[Records contained in a dataset]
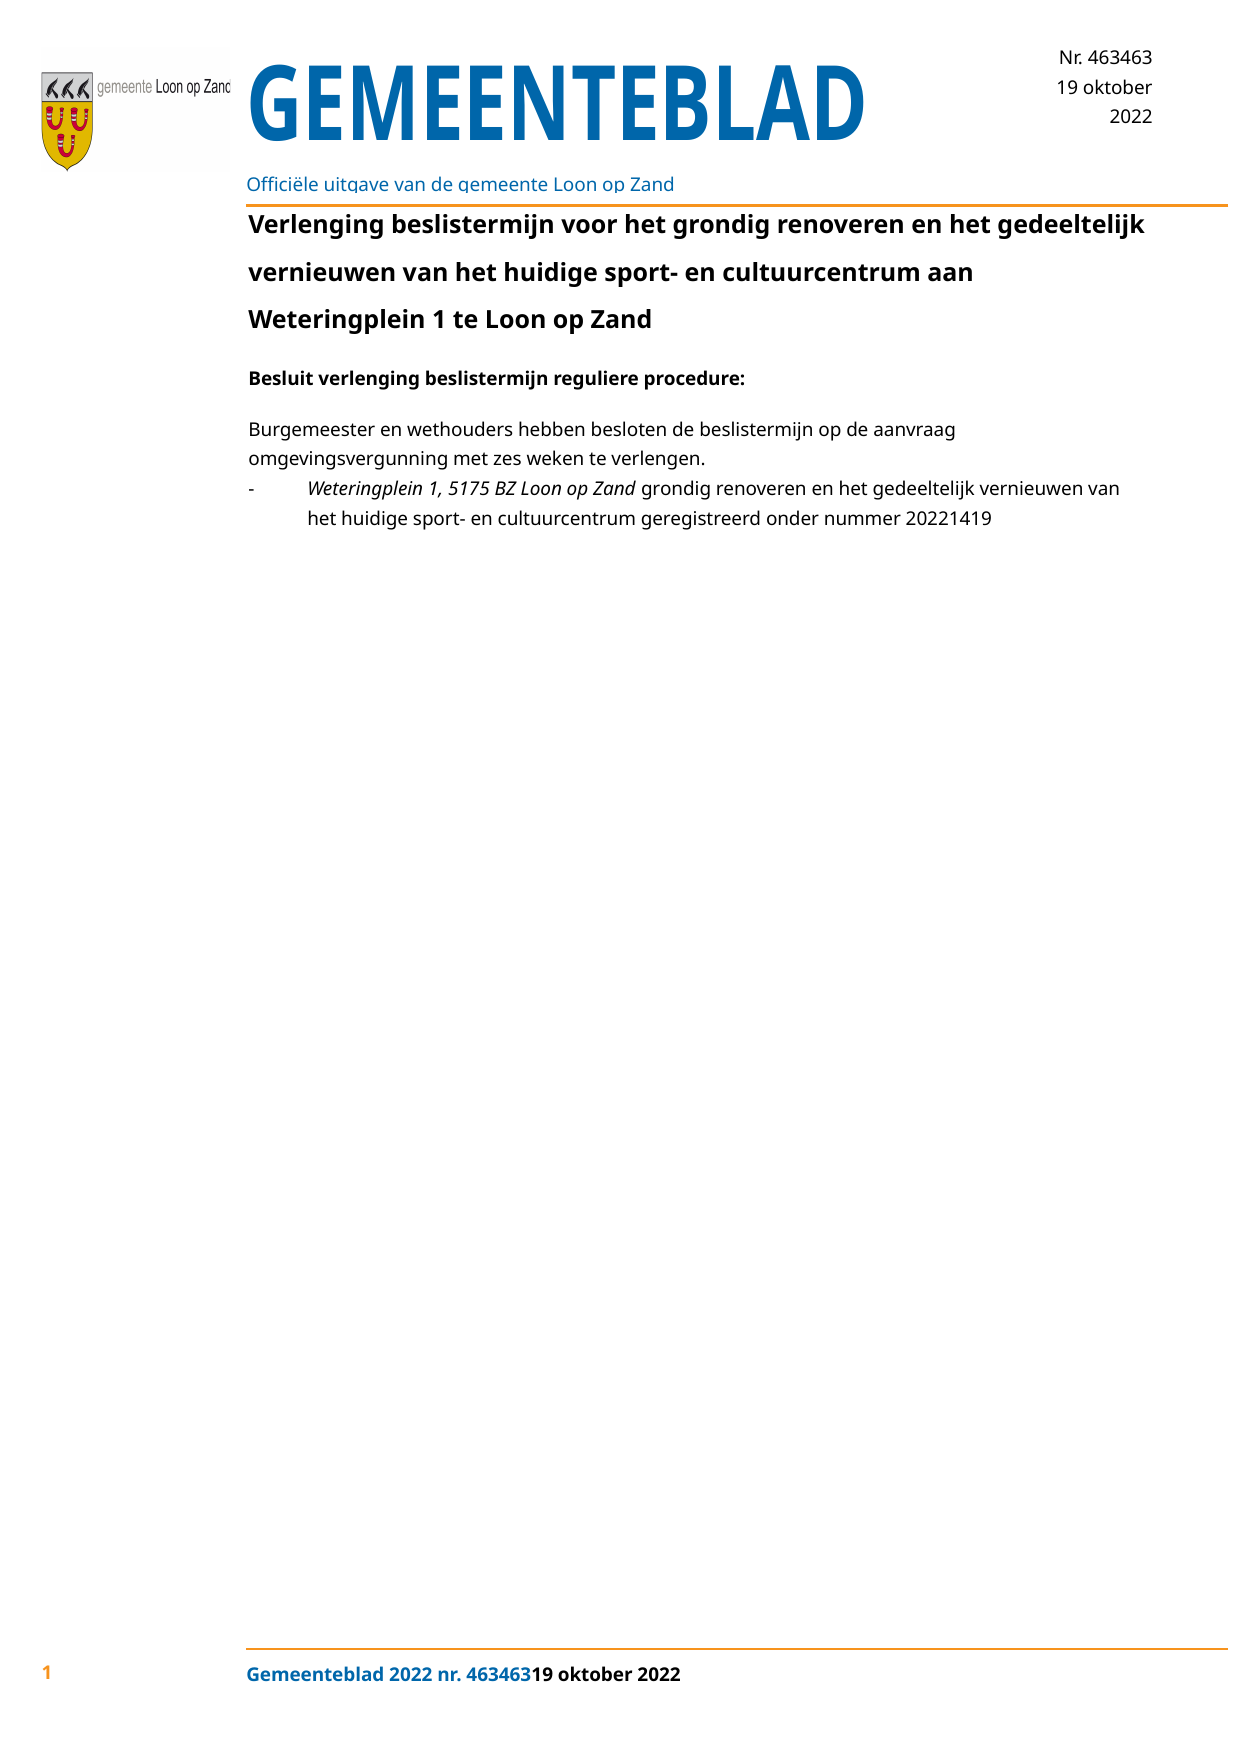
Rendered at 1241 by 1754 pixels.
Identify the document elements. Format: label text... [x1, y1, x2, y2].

text Verlenging beslistermijn voor het grondig renoveren en het gedeeltelijk vernieuwen van het huidige sport- en cultuurcentrum aan Weteringplein 1 te Loon op Zand [248, 207, 1152, 336]
text Besluit verlenging beslistermijn reguliere procedure: [248, 366, 1152, 391]
picture [41, 47, 231, 172]
text Burgemeester en wethouders hebben besloten de beslistermijn op de aanvraag omgevingsvergunning met zes weken te verlengen. [248, 416, 1152, 471]
list Weteringplein 1, 5175 BZ Loon op Zand grondig renoveren en het gedeeltelijk vernieuwen van het huidige sport- en cultuurcentrum geregistreerd onder nummer 20221419 [248, 475, 1152, 530]
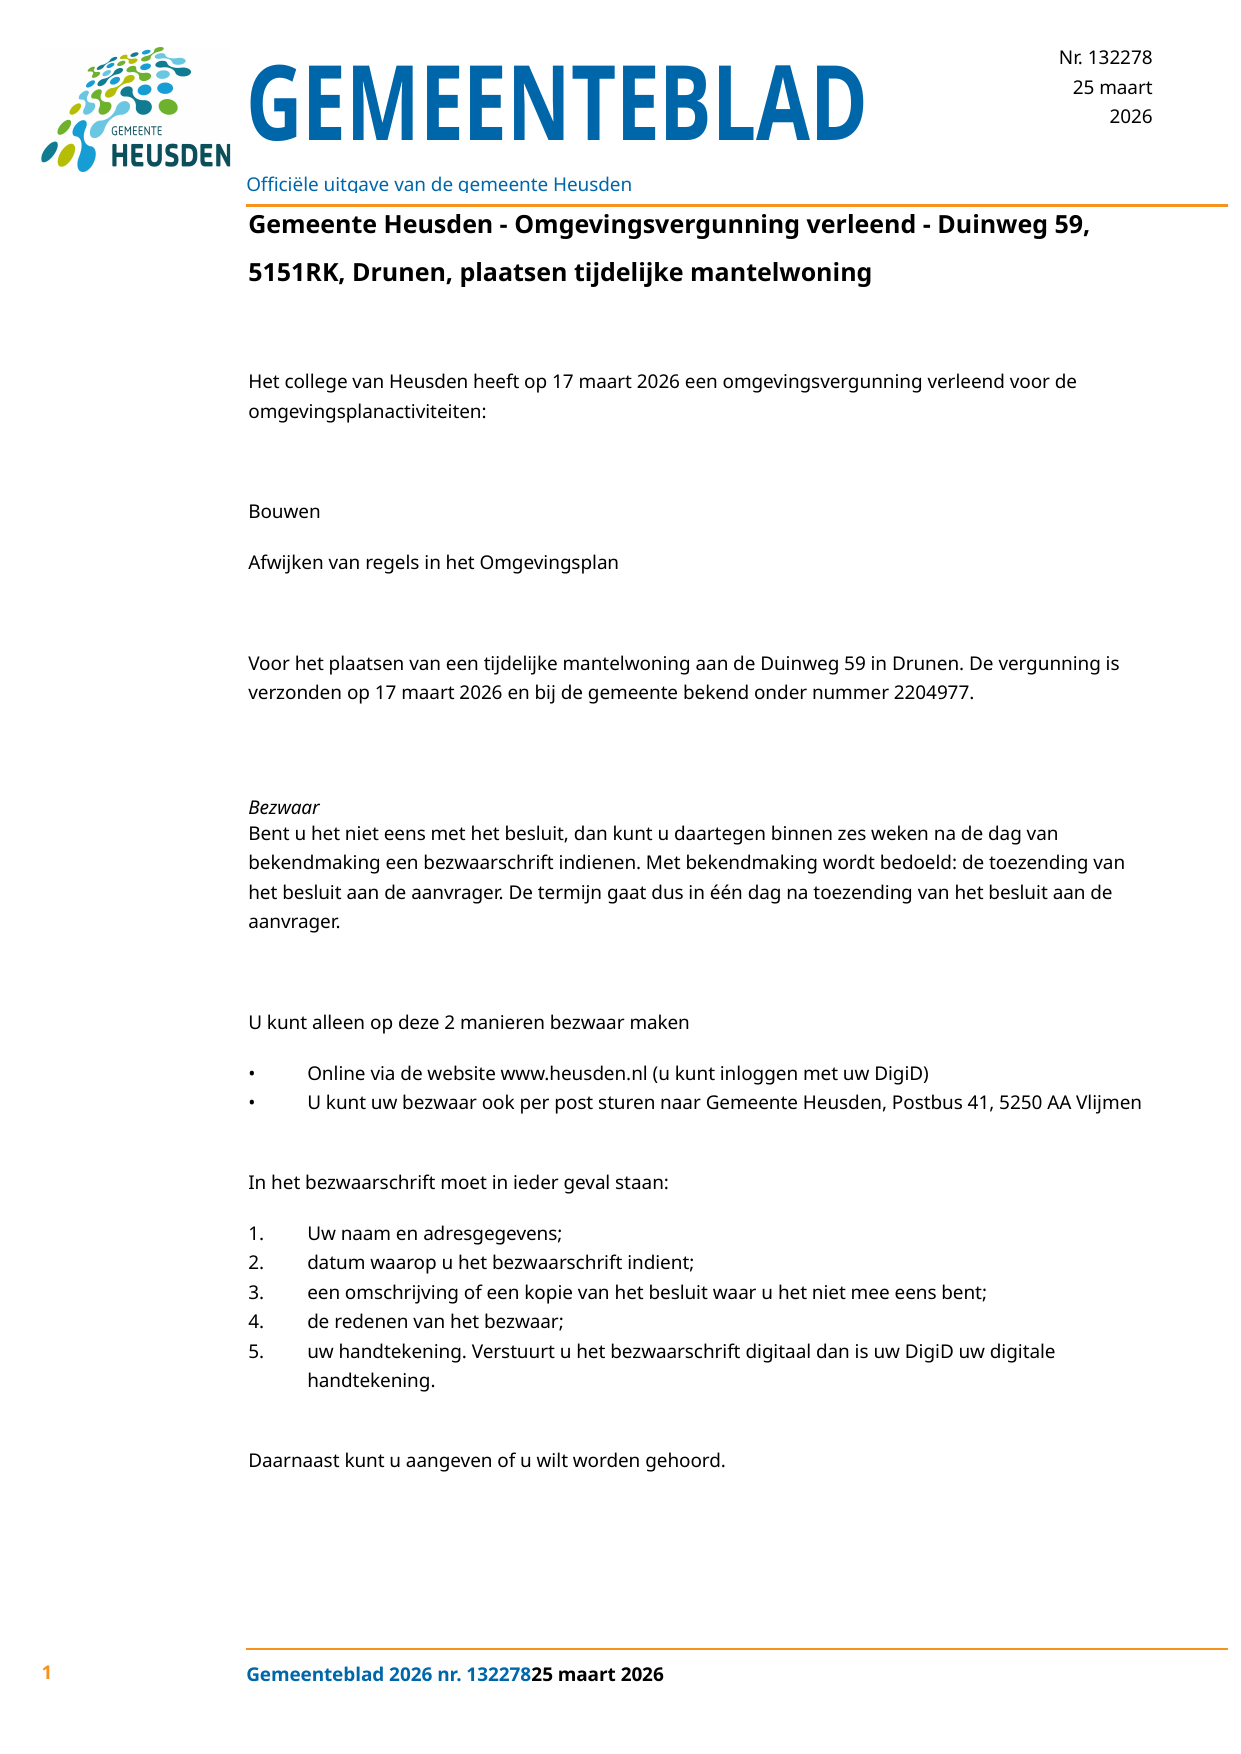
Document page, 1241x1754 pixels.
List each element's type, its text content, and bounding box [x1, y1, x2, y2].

picture [41, 47, 231, 172]
list uw handtekening. Verstuurt u het bezwaarschrift digitaal dan is uw DigiD uw digitale handtekening. [248, 1338, 1152, 1393]
text Voor het plaatsen van een tijdelijke mantelwoning aan de Duinweg 59 in Drunen. De vergunning is verzonden op 17 maart 2026 en bij de gemeente bekend onder nummer 2204977. [248, 650, 1152, 705]
text Het college van Heusden heeft op 17 maart 2026 een omgevingsvergunning verleend voor de omgevingsplanactiviteiten: [248, 368, 1152, 424]
list de redenen van het bezwaar; [248, 1308, 1152, 1334]
text Bent u het niet eens met het besluit, dan kunt u daartegen binnen zes weken na de dag van bekendmaking een bezwaarschrift indienen. Met bekendmaking wordt bedoeld: de toezending van het besluit aan de aanvrager. De termijn gaat dus in één dag na toezending van het besluit aan de aanvrager. [248, 820, 1152, 934]
text In het bezwaarschrift moet in ieder geval staan: [248, 1169, 1152, 1195]
text Bezwaar [248, 794, 1152, 820]
text Afwijken van regels in het Omgevingsplan [248, 549, 1152, 575]
text U kunt alleen op deze 2 manieren bezwaar maken [248, 1009, 1152, 1035]
list Uw naam en adresgegevens; [248, 1220, 1152, 1245]
list een omschrijving of een kopie van het besluit waar u het niet mee eens bent; [248, 1279, 1152, 1304]
list U kunt uw bezwaar ook per post sturen naar Gemeente Heusden, Postbus 41, 5250 AA Vlijmen [248, 1089, 1152, 1115]
text Bouwen [248, 499, 1152, 524]
text Gemeente Heusden - Omgevingsvergunning verleend - Duinweg 59, 5151RK, Drunen, plaatsen tijdelijke mantelwoning [248, 207, 1152, 288]
list datum waarop u het bezwaarschrift indient; [248, 1249, 1152, 1275]
text Daarnaast kunt u aangeven of u wilt worden gehoord. [248, 1448, 1152, 1473]
list Online via de website www.heusden.nl (u kunt inloggen met uw DigiD) [248, 1060, 1152, 1085]

Work required: If a line in the records contains the string "cultuurcentrum", copy it out.

Your solution:
text Verlenging beslistermijn voor het grondig renoveren en het gedeeltelijk vernieuwen van het huidige sport- en cultuurcentrum aan Weteringplein 1 te Loon op Zand [248, 207, 1152, 336]
list Weteringplein 1, 5175 BZ Loon op Zand grondig renoveren en het gedeeltelijk vernieuwen van het huidige sport- en cultuurcentrum geregistreerd onder nummer 20221419 [248, 475, 1152, 530]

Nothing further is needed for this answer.